Stephen Ellis has shown his paintings in numerous galleries in the United and Europe since 1982. Ellis has been associated with a group of American artists, including Jonathan Lasker, Lydia Dona, Terry Winters, David Reed, Philip Taaffe and Christopher Wool, who, beginning in the late seventies, broke through the wall of self-referential formalism theorized by Clement Greenberg and returned abstraction to an engagement with the world. 

Ellis has also written extensively about art for magazines including Parkett and Art and America, where he was an associate editor from 1989 through 1992. During the mid-eighties, while living in Cologne, Germany, Ellis wrote some of the earliest overviews in the American art press of the work of Gerhard Richter, Martin Kippenberger and Albert Oehlen. Most recently he has written about the paintings of Giorgio Morandi, Dan Walsh and Alan Uglow.

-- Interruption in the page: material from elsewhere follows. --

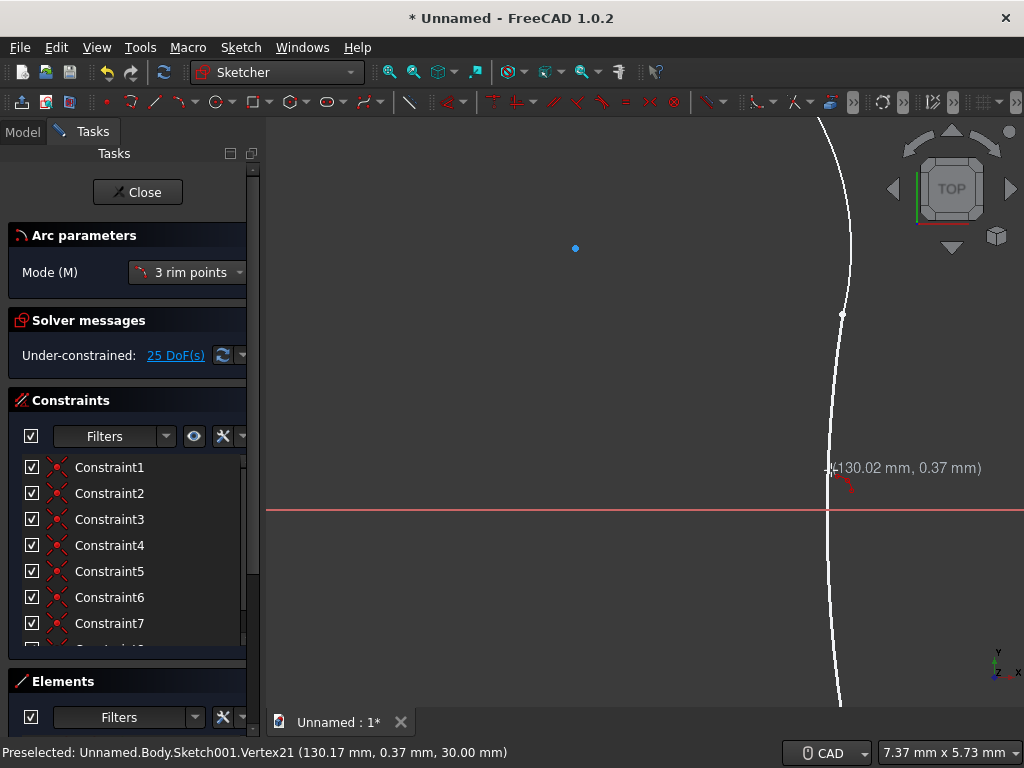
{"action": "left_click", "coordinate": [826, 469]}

Since the early 1980s, Ellis has taught graduate and undergraduate courses including painting, drawing, mixed-media practices, color theory, contemporary issues and writing workshops at various art schools and universities including The Cooper Union, SVA, Parsons, The New York Academy of Art, New York University, Bard College and Harvard University.  He served as Interim Director of the LeRoy E Hoffberger School in AY 2017-18.

Ellis's painting and graphic work is represented in public and private collections in the United States and Europe. He has been the recipient of awards from the New York Foundation for the Arts, the National Endowment for the Arts, the American Academy and Institute of Arts and Letters and the Joan Mitchell Foundation. Two of his paintings are included in Phaidon's recent history of contemporary painting, Painting Today by Tony Godfrey.